EXERCISE
For the records below, print the lines from the line with "Lens: 20.9° across the image width." through the line with "List them by" exactly as written; include both end lines and exclude the rest.

· · ·

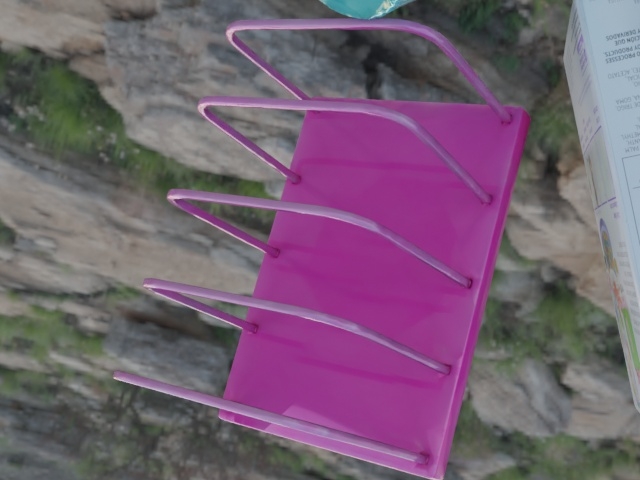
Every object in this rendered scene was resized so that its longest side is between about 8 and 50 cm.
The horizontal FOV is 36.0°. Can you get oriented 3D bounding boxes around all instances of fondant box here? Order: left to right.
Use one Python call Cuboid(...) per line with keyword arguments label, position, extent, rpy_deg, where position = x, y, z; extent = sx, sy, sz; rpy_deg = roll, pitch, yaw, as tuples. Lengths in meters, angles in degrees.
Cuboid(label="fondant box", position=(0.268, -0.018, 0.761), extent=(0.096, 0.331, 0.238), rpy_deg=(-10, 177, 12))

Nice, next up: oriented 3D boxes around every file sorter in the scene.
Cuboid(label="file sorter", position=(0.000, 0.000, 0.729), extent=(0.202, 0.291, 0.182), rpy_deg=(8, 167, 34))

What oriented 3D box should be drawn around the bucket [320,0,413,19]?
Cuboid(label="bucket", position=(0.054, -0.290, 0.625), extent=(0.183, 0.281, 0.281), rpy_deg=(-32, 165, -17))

· · ·

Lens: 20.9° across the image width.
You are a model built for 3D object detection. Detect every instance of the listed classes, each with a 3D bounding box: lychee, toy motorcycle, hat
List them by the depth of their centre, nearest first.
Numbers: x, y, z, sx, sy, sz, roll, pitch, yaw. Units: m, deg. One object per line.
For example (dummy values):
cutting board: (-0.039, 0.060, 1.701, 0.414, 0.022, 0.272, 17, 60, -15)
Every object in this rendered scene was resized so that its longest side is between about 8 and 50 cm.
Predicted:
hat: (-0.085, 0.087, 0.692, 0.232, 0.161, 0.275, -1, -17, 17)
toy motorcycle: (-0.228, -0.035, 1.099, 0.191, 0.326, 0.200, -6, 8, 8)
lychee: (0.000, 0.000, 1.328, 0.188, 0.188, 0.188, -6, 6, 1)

· · ·

SOLVED EXERCISE
Lens: 20.9° across the image width.
You are a model built for 3D object detection. Detect every instance of the listed classes, each with a 3D bounding box: lychee, toy motorcycle, hat
List them by the depth of their centre, nearest first.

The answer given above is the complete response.